The Loop Operation This is the hardest part, because your loop's goals can vary radically. Let's spend a few moments planning out what we want to do, and writing our plan as a pseudocode list. Grab the current character. If the character is a digit then convert the character to a decimal digit. Multiply the current value of number by 10. Add the digit to the number Else, Add the number to the sum. Set the number back to 0

Here are some notes on implementing this plan in C++. Use str.at() to grab the current character; store it in a variable Use isdigit() to see if the character is between '0' and '9' inclusive Convert the character to a decimal digit by subtracting '0'. Note that the character has an underlying ASCII code and those codes are sequential. If the character is '0' then subtracting '0' will leave the binary number 0. If the character is '1', then subtracting '0' will leave the binary number 1; and so on. Multiply the current value of num by 10, and then add the digit. For instance, if num has the value 2 and digit has the value 5, then num * 10 = 20 and adding 5 leaves num with 25, which is correct. When you encounter something that isn't a digit, then add the current value of num to sum. Then, set num back to 0 for the next iteration. Go ahead and implement this code. Then do make test. You'll find that some of the tests pass, but others don't.

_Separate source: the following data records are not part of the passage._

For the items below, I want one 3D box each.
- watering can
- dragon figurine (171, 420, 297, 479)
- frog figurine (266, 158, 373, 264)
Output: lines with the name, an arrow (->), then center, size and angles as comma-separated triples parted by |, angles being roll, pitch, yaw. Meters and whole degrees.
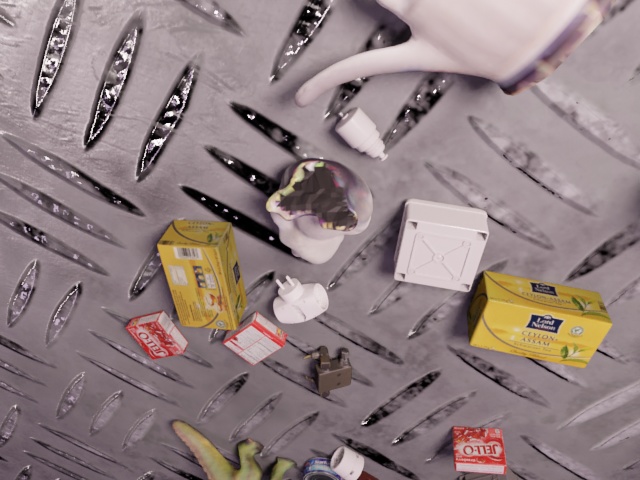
watering can -> 0.137, -0.224, 0.512 | 0.223, 0.106, 0.341 | 32, 125, -11
dragon figurine -> -0.161, 0.558, 1.050 | 0.408, 0.249, 0.120 | 29, 131, -12
frog figurine -> 0.002, -0.035, 0.697 | 0.137, 0.125, 0.157 | -4, 161, 4
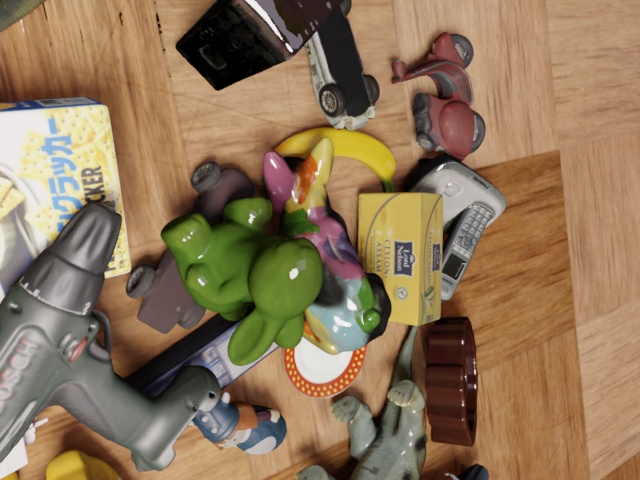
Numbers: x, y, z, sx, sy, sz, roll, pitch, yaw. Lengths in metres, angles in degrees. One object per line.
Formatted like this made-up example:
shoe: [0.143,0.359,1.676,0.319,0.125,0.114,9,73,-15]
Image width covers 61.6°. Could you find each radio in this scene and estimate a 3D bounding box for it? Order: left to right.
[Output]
radio: [-0.060,-0.229,0.539,0.073,0.230,0.131,44,77,-24]

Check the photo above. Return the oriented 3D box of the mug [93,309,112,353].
mug: [-0.262,0.090,0.529,0.109,0.081,0.107,-3,90,-36]

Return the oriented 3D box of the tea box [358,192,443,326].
tea box: [0.106,0.022,0.718,0.068,0.098,0.169,-1,91,-50]

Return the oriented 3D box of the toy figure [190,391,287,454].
toy figure: [-0.090,0.211,0.615,0.064,0.058,0.154,-60,147,-7]

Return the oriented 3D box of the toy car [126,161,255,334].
toy car: [-0.140,0.007,0.608,0.089,0.053,0.202,41,70,-39]

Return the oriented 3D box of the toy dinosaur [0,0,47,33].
toy dinosaur: [-0.168,-0.311,0.488,0.471,0.199,0.105,-39,103,13]

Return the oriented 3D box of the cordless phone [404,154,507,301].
cordless phone: [0.172,-0.016,0.772,0.146,0.089,0.184,27,84,-29]

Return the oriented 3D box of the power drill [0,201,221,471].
power drill: [-0.186,0.107,0.474,0.232,0.086,0.207,-54,132,-10]

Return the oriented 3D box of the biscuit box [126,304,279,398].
biscuit box: [-0.140,0.145,0.611,0.203,0.063,0.059,-34,110,-24]

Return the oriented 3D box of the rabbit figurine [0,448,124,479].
rabbit figurine: [-0.277,0.295,0.517,0.173,0.122,0.162,-37,108,-3]

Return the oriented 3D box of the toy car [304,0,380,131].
toy car: [0.016,-0.236,0.677,0.073,0.056,0.201,-25,102,-31]

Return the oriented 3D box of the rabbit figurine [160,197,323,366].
rabbit figurine: [-0.067,0.041,0.528,0.121,0.170,0.159,-11,101,-39]

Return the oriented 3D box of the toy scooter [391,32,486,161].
toy scooter: [0.161,-0.199,0.756,0.135,0.075,0.183,-9,94,-30]

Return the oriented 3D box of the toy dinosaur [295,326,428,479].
toy dinosaur: [0.077,0.316,0.723,0.405,0.131,0.191,-49,135,-27]

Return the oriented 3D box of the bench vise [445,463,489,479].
bench vise: [0.193,0.389,0.764,0.129,0.223,0.240,43,34,16]

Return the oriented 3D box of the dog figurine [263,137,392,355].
dog figurine: [-0.001,-0.002,0.622,0.108,0.192,0.219,-19,118,-21]

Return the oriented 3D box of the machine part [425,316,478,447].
machine part: [0.187,0.197,0.759,0.179,0.056,0.179,-2,90,-68]
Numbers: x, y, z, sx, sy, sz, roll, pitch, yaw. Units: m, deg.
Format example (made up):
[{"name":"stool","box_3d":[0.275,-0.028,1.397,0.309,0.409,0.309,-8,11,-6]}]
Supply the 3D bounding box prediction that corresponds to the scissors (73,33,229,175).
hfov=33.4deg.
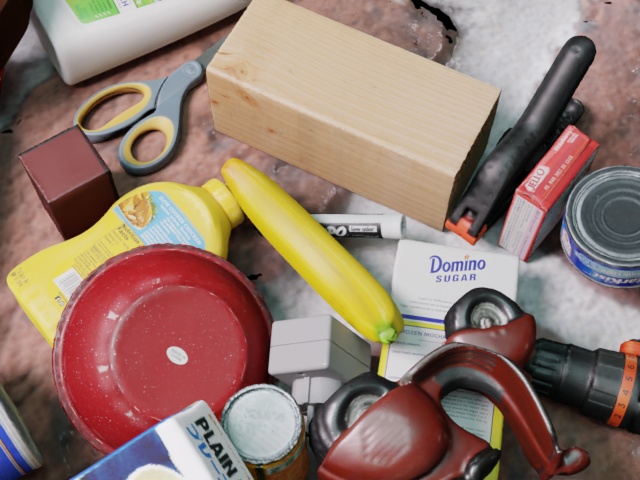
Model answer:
[{"name":"scissors","box_3d":[-0.105,-0.121,0.886,0.201,0.016,0.096,-27,68,-13]}]

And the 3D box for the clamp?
[{"name":"clamp","box_3d":[0.157,-0.075,0.811,0.039,0.120,0.171,30,71,22]}]

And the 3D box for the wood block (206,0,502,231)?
[{"name":"wood block","box_3d":[0.025,-0.101,0.836,0.206,0.090,0.090,24,66,12]}]

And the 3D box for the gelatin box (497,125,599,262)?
[{"name":"gelatin box","box_3d":[0.170,-0.034,0.803,0.030,0.089,0.073,35,69,17]}]

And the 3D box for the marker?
[{"name":"marker","box_3d":[0.005,-0.012,0.812,0.121,0.020,0.020,2,62,20]}]

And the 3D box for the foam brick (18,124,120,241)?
[{"name":"foam brick","box_3d":[-0.187,-0.039,0.811,0.051,0.078,0.053,-32,66,-15]}]

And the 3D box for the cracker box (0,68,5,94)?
[{"name":"cracker box","box_3d":[-0.345,-0.066,0.826,0.164,0.072,0.213,-1,63,-1]}]

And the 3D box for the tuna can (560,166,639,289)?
[{"name":"tuna can","box_3d":[0.217,-0.010,0.765,0.086,0.034,0.086,-4,61,7]}]

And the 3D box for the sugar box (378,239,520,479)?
[{"name":"sugar box","box_3d":[0.088,0.090,0.767,0.093,0.048,0.176,9,61,6]}]

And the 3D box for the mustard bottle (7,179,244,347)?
[{"name":"mustard bottle","box_3d":[-0.128,0.012,0.796,0.191,0.058,0.096,-37,71,-17]}]

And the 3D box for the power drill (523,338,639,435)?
[{"name":"power drill","box_3d":[0.247,0.053,0.781,0.184,0.057,0.187,17,67,8]}]

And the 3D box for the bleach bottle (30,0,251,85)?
[{"name":"bleach bottle","box_3d":[-0.122,-0.224,0.912,0.250,0.068,0.103,-27,67,-15]}]

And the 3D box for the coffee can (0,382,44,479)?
[{"name":"coffee can","box_3d":[-0.271,0.142,0.706,0.140,0.103,0.103,-31,68,-14]}]

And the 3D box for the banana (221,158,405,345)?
[{"name":"banana","box_3d":[0.001,0.012,0.768,0.037,0.069,0.198,-40,60,-10]}]

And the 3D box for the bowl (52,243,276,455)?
[{"name":"bowl","box_3d":[-0.100,0.079,0.732,0.162,0.055,0.162,2,82,-16]}]
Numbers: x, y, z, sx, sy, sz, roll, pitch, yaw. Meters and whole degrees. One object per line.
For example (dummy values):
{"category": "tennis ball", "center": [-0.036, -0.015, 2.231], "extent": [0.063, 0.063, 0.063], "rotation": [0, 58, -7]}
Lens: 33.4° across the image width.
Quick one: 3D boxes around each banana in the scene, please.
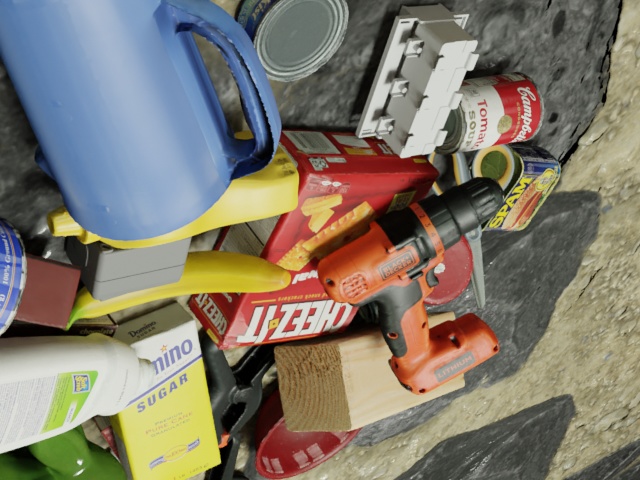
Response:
{"category": "banana", "center": [-0.126, 0.040, 0.918], "extent": [0.197, 0.070, 0.037], "rotation": [-13, 132, -7]}

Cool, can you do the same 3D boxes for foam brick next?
{"category": "foam brick", "center": [-0.235, 0.036, 0.827], "extent": [0.078, 0.053, 0.051], "rotation": [19, 78, -51]}

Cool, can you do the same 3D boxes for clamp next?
{"category": "clamp", "center": [-0.140, 0.308, 1.255], "extent": [0.164, 0.036, 0.210], "rotation": [-33, 146, -9]}
{"category": "clamp", "center": [-0.081, 0.146, 1.128], "extent": [0.120, 0.039, 0.172], "rotation": [-12, 136, -29]}

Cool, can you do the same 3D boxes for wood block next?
{"category": "wood block", "center": [0.057, 0.138, 1.142], "extent": [0.091, 0.090, 0.205], "rotation": [-9, 180, 40]}

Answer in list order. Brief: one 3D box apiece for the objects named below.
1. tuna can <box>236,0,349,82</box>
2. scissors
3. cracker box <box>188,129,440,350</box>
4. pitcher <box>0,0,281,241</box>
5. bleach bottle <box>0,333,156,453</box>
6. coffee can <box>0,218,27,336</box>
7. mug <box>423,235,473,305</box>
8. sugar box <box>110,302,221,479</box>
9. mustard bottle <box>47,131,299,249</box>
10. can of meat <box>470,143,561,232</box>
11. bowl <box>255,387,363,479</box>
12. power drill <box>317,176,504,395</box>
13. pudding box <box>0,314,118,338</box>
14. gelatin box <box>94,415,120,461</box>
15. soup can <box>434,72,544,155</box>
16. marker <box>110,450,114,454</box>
{"category": "tuna can", "center": [-0.022, -0.168, 0.827], "extent": [0.086, 0.034, 0.086], "rotation": [-25, 143, -20]}
{"category": "scissors", "center": [0.172, -0.022, 1.097], "extent": [0.096, 0.016, 0.201], "rotation": [-22, 117, 13]}
{"category": "cracker box", "center": [-0.007, 0.001, 1.000], "extent": [0.163, 0.072, 0.214], "rotation": [-3, 132, -41]}
{"category": "pitcher", "center": [-0.132, -0.122, 0.688], "extent": [0.149, 0.145, 0.243], "rotation": [-32, 142, -15]}
{"category": "bleach bottle", "center": [-0.238, 0.126, 0.855], "extent": [0.250, 0.068, 0.103], "rotation": [0, 120, -50]}
{"category": "coffee can", "center": [-0.288, 0.017, 0.727], "extent": [0.103, 0.103, 0.140], "rotation": [-49, 145, 14]}
{"category": "mug", "center": [0.097, 0.011, 1.078], "extent": [0.093, 0.082, 0.117], "rotation": [-29, 104, -17]}
{"category": "sugar box", "center": [-0.154, 0.155, 1.019], "extent": [0.093, 0.048, 0.176], "rotation": [-22, 126, -24]}
{"category": "mustard bottle", "center": [-0.118, -0.035, 0.831], "extent": [0.191, 0.096, 0.058], "rotation": [-16, 127, -29]}
{"category": "can of meat", "center": [0.200, -0.056, 1.142], "extent": [0.083, 0.057, 0.102], "rotation": [0, 131, -46]}
{"category": "bowl", "center": [-0.017, 0.203, 1.234], "extent": [0.162, 0.055, 0.162], "rotation": [-25, 143, -20]}
{"category": "power drill", "center": [0.106, 0.045, 0.997], "extent": [0.184, 0.057, 0.187], "rotation": [-28, 126, -2]}
{"category": "pudding box", "center": [-0.243, 0.096, 0.917], "extent": [0.113, 0.039, 0.090], "rotation": [2, 128, -45]}
{"category": "gelatin box", "center": [-0.171, 0.187, 1.076], "extent": [0.089, 0.030, 0.073], "rotation": [-31, 126, -11]}
{"category": "soup can", "center": [0.152, -0.121, 1.014], "extent": [0.102, 0.069, 0.069], "rotation": [-13, 138, -32]}
{"category": "marker", "center": [-0.188, 0.207, 1.112], "extent": [0.121, 0.020, 0.020], "rotation": [-34, 145, -8]}
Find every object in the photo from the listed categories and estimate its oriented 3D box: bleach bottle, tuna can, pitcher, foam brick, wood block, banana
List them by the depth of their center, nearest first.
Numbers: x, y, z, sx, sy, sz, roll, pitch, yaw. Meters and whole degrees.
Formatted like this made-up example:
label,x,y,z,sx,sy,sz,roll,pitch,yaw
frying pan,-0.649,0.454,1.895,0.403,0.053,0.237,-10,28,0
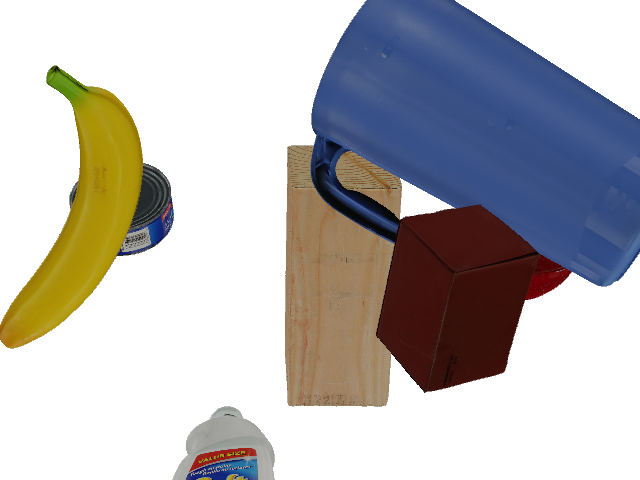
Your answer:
label,x,y,z,sx,sy,sz,roll,pitch,yaw
foam brick,0.067,0.029,0.542,0.052,0.078,0.051,-10,38,-27
banana,-0.149,-0.015,0.655,0.069,0.198,0.037,7,29,-21
pitcher,0.118,-0.064,0.741,0.243,0.149,0.144,33,52,12
bleach bottle,-0.086,0.214,0.848,0.102,0.068,0.251,-2,25,-2
wood block,0.016,0.031,0.910,0.090,0.206,0.091,0,26,-3
tuna can,-0.168,-0.027,0.911,0.086,0.086,0.034,0,-44,1

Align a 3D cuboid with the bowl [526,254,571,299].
label,x,y,z,sx,sy,sz,roll,pitch,yaw
bowl,0.209,0.020,1.169,0.162,0.055,0.162,0,29,0
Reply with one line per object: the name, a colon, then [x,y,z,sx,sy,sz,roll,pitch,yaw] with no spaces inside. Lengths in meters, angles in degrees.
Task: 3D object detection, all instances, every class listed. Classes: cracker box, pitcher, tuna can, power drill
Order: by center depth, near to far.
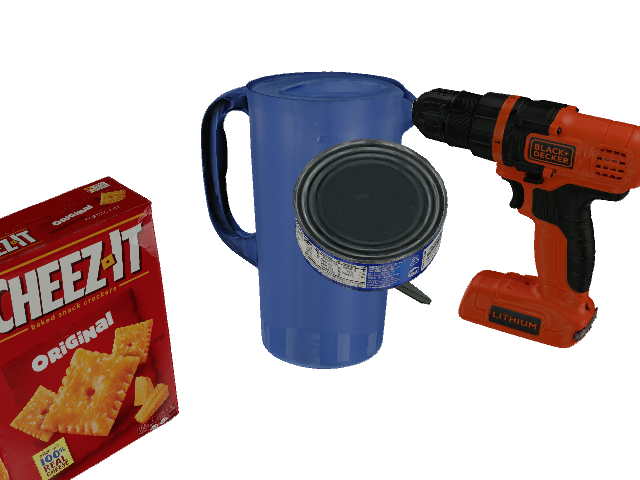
tuna can: [0.028,-0.014,0.602,0.086,0.086,0.034,0,-35,0]
power drill: [0.151,-0.020,0.819,0.185,0.188,0.057,17,34,26]
cracker box: [-0.201,0.080,0.839,0.163,0.214,0.072,-27,38,-36]
pitcher: [-0.007,-0.020,0.912,0.144,0.243,0.149,-12,23,-35]

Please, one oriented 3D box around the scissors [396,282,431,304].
scissors: [0.016,0.019,1.082,0.096,0.016,0.202,-24,47,-21]
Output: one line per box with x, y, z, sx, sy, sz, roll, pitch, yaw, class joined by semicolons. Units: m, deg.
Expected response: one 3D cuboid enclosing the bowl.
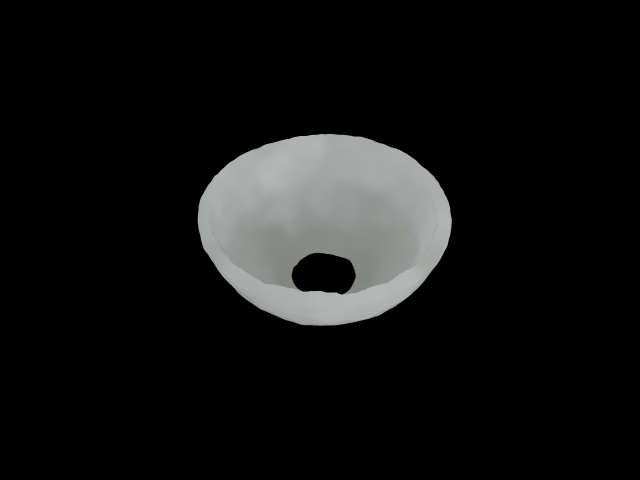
0.004;0.001;0.400;0.167;0.075;0.167;0;45;0;bowl
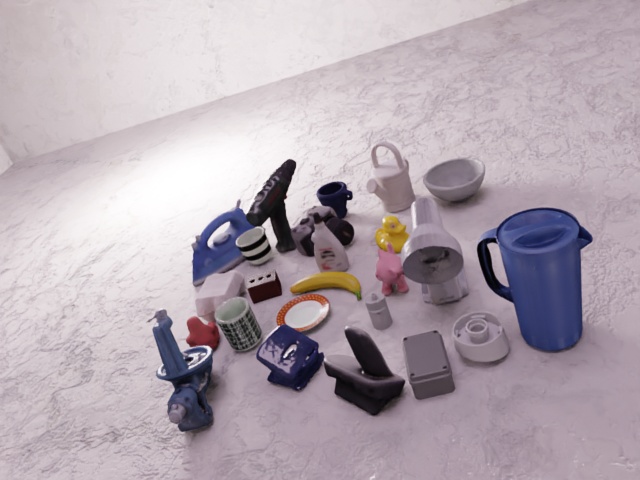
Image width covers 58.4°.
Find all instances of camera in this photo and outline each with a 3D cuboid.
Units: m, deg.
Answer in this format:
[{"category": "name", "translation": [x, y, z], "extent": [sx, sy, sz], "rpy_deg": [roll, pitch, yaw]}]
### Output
[{"category": "camera", "translation": [0.013, -0.028, 1.527], "extent": [0.143, 0.101, 0.136], "rpy_deg": [-37, 34, -26]}]

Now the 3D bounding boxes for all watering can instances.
[{"category": "watering can", "translation": [0.190, -0.177, 1.566], "extent": [0.100, 0.194, 0.173], "rpy_deg": [-6, 34, 23]}]

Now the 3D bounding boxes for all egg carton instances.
[{"category": "egg carton", "translation": [-0.250, 0.140, 1.446], "extent": [0.107, 0.069, 0.150], "rpy_deg": [-11, 32, 16]}]

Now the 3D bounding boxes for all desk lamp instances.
[{"category": "desk lamp", "translation": [0.235, 0.032, 1.188], "extent": [0.117, 0.214, 0.203], "rpy_deg": [-12, 32, 14]}]

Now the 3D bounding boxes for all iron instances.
[{"category": "iron", "translation": [-0.283, 0.002, 1.614], "extent": [0.118, 0.142, 0.259], "rpy_deg": [14, 45, 44]}]

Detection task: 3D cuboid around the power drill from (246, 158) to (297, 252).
[{"category": "power drill", "translation": [-0.106, -0.084, 1.581], "extent": [0.075, 0.209, 0.230], "rpy_deg": [4, 38, 35]}]

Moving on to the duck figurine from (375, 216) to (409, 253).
[{"category": "duck figurine", "translation": [0.179, -0.022, 1.433], "extent": [0.104, 0.086, 0.078], "rpy_deg": [13, 44, 43]}]

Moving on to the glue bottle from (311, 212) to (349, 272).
[{"category": "glue bottle", "translation": [0.013, 0.005, 1.403], "extent": [0.078, 0.173, 0.037], "rpy_deg": [-12, 32, 14]}]

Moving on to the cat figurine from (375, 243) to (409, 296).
[{"category": "cat figurine", "translation": [0.159, 0.059, 1.286], "extent": [0.067, 0.118, 0.128], "rpy_deg": [-10, 32, 17]}]

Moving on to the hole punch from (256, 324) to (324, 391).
[{"category": "hole punch", "translation": [-0.059, 0.235, 1.162], "extent": [0.100, 0.091, 0.109], "rpy_deg": [6, 40, 37]}]

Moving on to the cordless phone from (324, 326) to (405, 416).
[{"category": "cordless phone", "translation": [0.065, 0.210, 1.034], "extent": [0.147, 0.185, 0.094], "rpy_deg": [11, 43, 42]}]

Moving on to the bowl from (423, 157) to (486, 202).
[{"category": "bowl", "translation": [0.365, -0.152, 1.540], "extent": [0.167, 0.075, 0.167], "rpy_deg": [-15, 31, 9]}]

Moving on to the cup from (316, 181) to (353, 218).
[{"category": "cup", "translation": [0.055, -0.107, 1.634], "extent": [0.117, 0.095, 0.092], "rpy_deg": [8, 41, 39]}]

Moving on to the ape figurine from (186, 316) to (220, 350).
[{"category": "ape figurine", "translation": [-0.277, 0.213, 1.325], "extent": [0.078, 0.092, 0.076], "rpy_deg": [-25, 31, -7]}]

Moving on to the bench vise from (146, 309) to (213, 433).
[{"category": "bench vise", "translation": [-0.269, 0.252, 1.132], "extent": [0.121, 0.220, 0.206], "rpy_deg": [-26, 31, -10]}]
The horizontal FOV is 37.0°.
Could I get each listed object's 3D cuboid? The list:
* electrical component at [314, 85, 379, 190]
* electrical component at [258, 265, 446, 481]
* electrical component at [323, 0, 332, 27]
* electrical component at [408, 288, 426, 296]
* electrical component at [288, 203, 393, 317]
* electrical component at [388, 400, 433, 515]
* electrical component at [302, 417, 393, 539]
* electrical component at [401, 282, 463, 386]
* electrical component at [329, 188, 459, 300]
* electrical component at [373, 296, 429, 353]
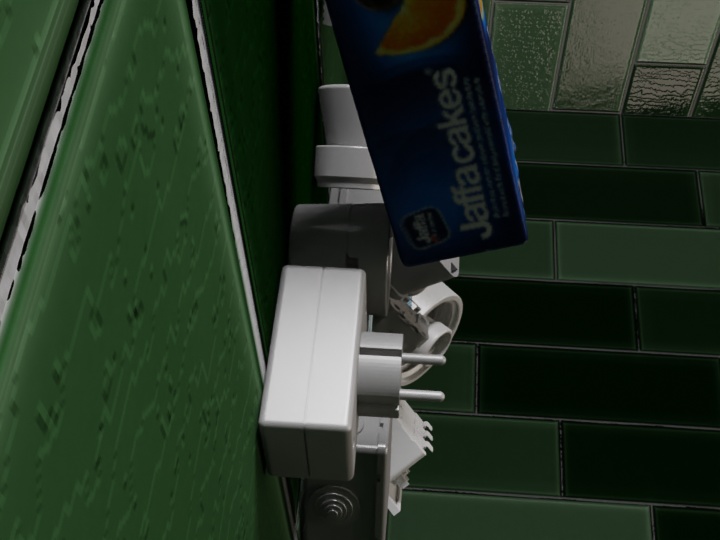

Do you see any way that the failing tests are different than those that pass? It takes a sharp eye, but if you look closely, all the tests that pass end in a letter, and all the tests that fail end in a digit. That means if we are processing a number when our loop ends, we never add that number to the accumulator. Our loop has satisfied the bounds condition, but hasn't reached its goal. That's the purpose of Step 6 in our loop-building strategy, the Goal Postcondition. The Goal Postcondition After the loop is over, one of two things can be true. If the last character processed is a letter or other non-digit, then the variable num contains the value 0. If the last character was a digit, however, then num contains a non-zero value, which needs to be added to the sum. Of course, since adding zero has no effect on the sum, we can just add num to the sum one last time after the loop ends, and finally reach our goal.